API Overview

The TextWise Semantic Cloud provides an API for clients and users to actively engage with our core technology - Semantic Signatures. See our Semantic Signatures used for Similarity Search, Categorization, and Concept Tagging in action by trying the demo.

The features of the latest SemanticHacker API include the following:

Similarity Search

Similarity Search is the process of matching documents via their Semantic Signatures to words, phrases, paragraphs or documents via the terms contained in them. Instead of using the terms contained in the text and their frequencies, SemanticHacker API matching uses the dimensions in the document's Semantic Signature and their associated weights. The operation can be viewed as determining the distance between the Semantic Signatures of an item and an entire collection.

In summary, the process is:

  • Finding the semantic dimensions that are shared between two words, phrases, paragraphs or documents.
  • For each shared semantic dimension, calculating a weight for the dimension (a similarity factor) by multiplying its weight in the Semantic Signatures of the two documents by each other.
  • Adding the weights of all dimensions shared by the item and a collection.
  • The result is a matching score. The higher the score, the more similarity in the semantic space.

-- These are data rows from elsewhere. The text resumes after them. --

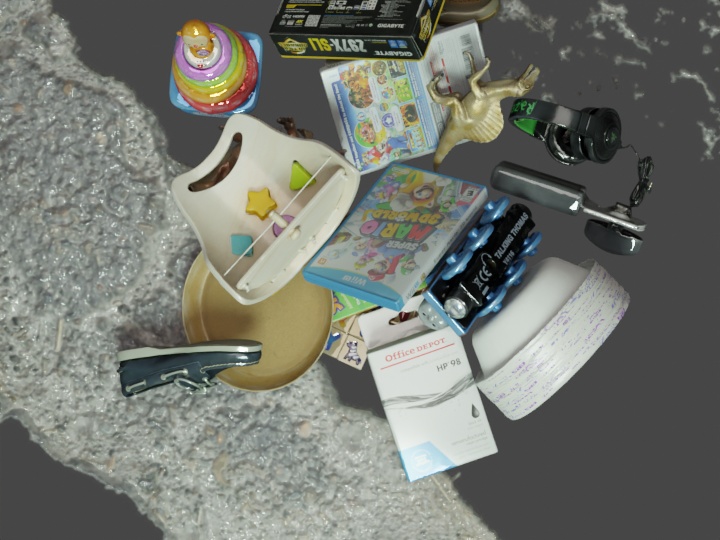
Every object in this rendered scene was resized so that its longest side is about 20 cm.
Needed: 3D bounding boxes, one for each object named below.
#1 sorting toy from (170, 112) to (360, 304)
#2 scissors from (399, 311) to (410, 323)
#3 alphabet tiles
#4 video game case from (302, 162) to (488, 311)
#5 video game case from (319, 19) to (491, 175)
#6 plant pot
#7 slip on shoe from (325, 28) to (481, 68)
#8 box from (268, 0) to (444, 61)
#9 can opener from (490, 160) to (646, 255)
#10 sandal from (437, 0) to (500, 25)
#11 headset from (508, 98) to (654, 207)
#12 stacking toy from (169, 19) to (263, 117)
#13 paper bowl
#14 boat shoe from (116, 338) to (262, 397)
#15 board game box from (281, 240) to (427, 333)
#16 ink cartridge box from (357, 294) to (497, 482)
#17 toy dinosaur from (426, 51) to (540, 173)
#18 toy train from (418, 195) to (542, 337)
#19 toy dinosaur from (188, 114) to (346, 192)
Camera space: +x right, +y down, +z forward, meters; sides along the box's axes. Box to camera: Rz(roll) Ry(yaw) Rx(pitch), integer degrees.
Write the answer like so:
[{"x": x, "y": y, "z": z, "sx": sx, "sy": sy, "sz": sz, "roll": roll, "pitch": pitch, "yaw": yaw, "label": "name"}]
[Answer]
[{"x": -0.123, "y": -0.086, "z": 1.684, "sx": 0.180, "sy": 0.107, "sz": 0.200, "roll": 42, "pitch": 87, "yaw": 14, "label": "sorting toy"}, {"x": 0.056, "y": 0.011, "z": 1.777, "sx": 0.072, "sy": 0.014, "sz": 0.203, "roll": -19, "pitch": 82, "yaw": 0, "label": "scissors"}, {"x": 0.005, "y": 0.031, "z": 1.772, "sx": 0.198, "sy": 0.008, "sz": 0.169, "roll": 24, "pitch": 88, "yaw": 8, "label": "alphabet tiles"}, {"x": 0.042, "y": -0.044, "z": 1.701, "sx": 0.142, "sy": 0.018, "sz": 0.201, "roll": 17, "pitch": 55, "yaw": 34, "label": "video game case"}, {"x": 0.063, "y": -0.208, "z": 1.764, "sx": 0.197, "sy": 0.018, "sz": 0.145, "roll": -17, "pitch": 116, "yaw": 0, "label": "video game case"}, {"x": -0.121, "y": 0.045, "z": 1.752, "sx": 0.197, "sy": 0.027, "sz": 0.203, "roll": 0, "pitch": 89, "yaw": 18, "label": "plant pot"}, {"x": 0.055, "y": -0.255, "z": 1.789, "sx": 0.197, "sy": 0.074, "sz": 0.062, "roll": -16, "pitch": 118, "yaw": -6, "label": "slip on shoe"}, {"x": 0.004, "y": -0.330, "z": 1.742, "sx": 0.197, "sy": 0.049, "sz": 0.161, "roll": 5, "pitch": 60, "yaw": 27, "label": "box"}, {"x": 0.250, "y": -0.072, "z": 1.757, "sx": 0.198, "sy": 0.053, "sz": 0.068, "roll": 19, "pitch": 108, "yaw": 11, "label": "can opener"}, {"x": 0.075, "y": -0.335, "z": 1.783, "sx": 0.197, "sy": 0.054, "sz": 0.081, "roll": -6, "pitch": 53, "yaw": -1, "label": "sandal"}, {"x": 0.267, "y": -0.148, "z": 1.739, "sx": 0.198, "sy": 0.123, "sz": 0.095, "roll": 18, "pitch": 87, "yaw": -20, "label": "headset"}, {"x": -0.182, "y": -0.257, "z": 1.725, "sx": 0.114, "sy": 0.200, "sz": 0.112, "roll": 5, "pitch": 83, "yaw": 2, "label": "stacking toy"}, {"x": 0.207, "y": 0.066, "z": 1.665, "sx": 0.104, "sy": 0.201, "sz": 0.201, "roll": 45, "pitch": 87, "yaw": -1, "label": "paper bowl"}, {"x": -0.204, "y": 0.118, "z": 1.727, "sx": 0.197, "sy": 0.075, "sz": 0.063, "roll": -7, "pitch": 87, "yaw": 20, "label": "boat shoe"}, {"x": 0.000, "y": 0.000, "z": 1.758, "sx": 0.198, "sy": 0.030, "sz": 0.097, "roll": -20, "pitch": 84, "yaw": 2, "label": "board game box"}, {"x": 0.077, "y": 0.135, "z": 1.721, "sx": 0.114, "sy": 0.067, "sz": 0.203, "roll": -19, "pitch": 91, "yaw": 1, "label": "ink cartridge box"}, {"x": 0.121, "y": -0.189, "z": 1.719, "sx": 0.101, "sy": 0.058, "sz": 0.200, "roll": 49, "pitch": 124, "yaw": 1, "label": "toy dinosaur"}, {"x": 0.135, "y": -0.003, "z": 1.685, "sx": 0.087, "sy": 0.114, "sz": 0.200, "roll": 45, "pitch": 48, "yaw": -8, "label": "toy train"}, {"x": -0.117, "y": -0.113, "z": 1.766, "sx": 0.197, "sy": 0.086, "sz": 0.138, "roll": 3, "pitch": 83, "yaw": -2, "label": "toy dinosaur"}]

Learn more about Similarity Search.

Categorization

Categorization of content is performed by analyzing the dimensions and weights of the provided content's Semantic Signature and identifying those dimensions that are most relevant to the signature. Each dimension in a Semantic Signature represents a path in a tree of categories. For example, the dimension "Computers/Internet/On the Web/Weblogs/Resources" points to a category named "Resources" which has the categories "Weblogs", "On the Web", "Internet" and "Computers" as parent or ancestor categories. Learn more about Categorization.

Concept Tags

Concept Tags produced by the Semantic Hacker API can be leveraged to generate metadata or tags for content. These tags are significant-term tags which are derived from the content’s Semantic Signature, a semantic dictionary and the original text. Each tag is accompanied by a weight that describes the relevance of that term to the content. Significant term tags are generated by obtaining a list of words that appear in both the semantic dictionary and the content text for the highest weighted semantic dimensions of the text. To create these tags, a signature is generated for the text, a list of words for that signature’s top dimension is retrieved from the semantic dictionary and this list is filtered using the words that appear in the text. Learn more about Concept Tagging.

Widget & WordPress Plugin

We've created a WordPress Plugin (for bloggers) and a Widget (for content publishers) to enable you to use Similarity Search right away on your blog or Web site, without requiring any programming skills. Learn more about the Widget & WordPress Plugin.

Other Significant Changes

Other changes include enhanced signatures, scalability improvements to the API iteself, and user-level usage reporting on your API utilization.

 

If you implemented the SemanticHacker API prior to December 31, 2008, you must read the Migration Guide to cut-over to the new version of the API. The old API will be available for a short period of time before we will completely remove it. Please be sure you take the minimal steps required to update your application with the new code.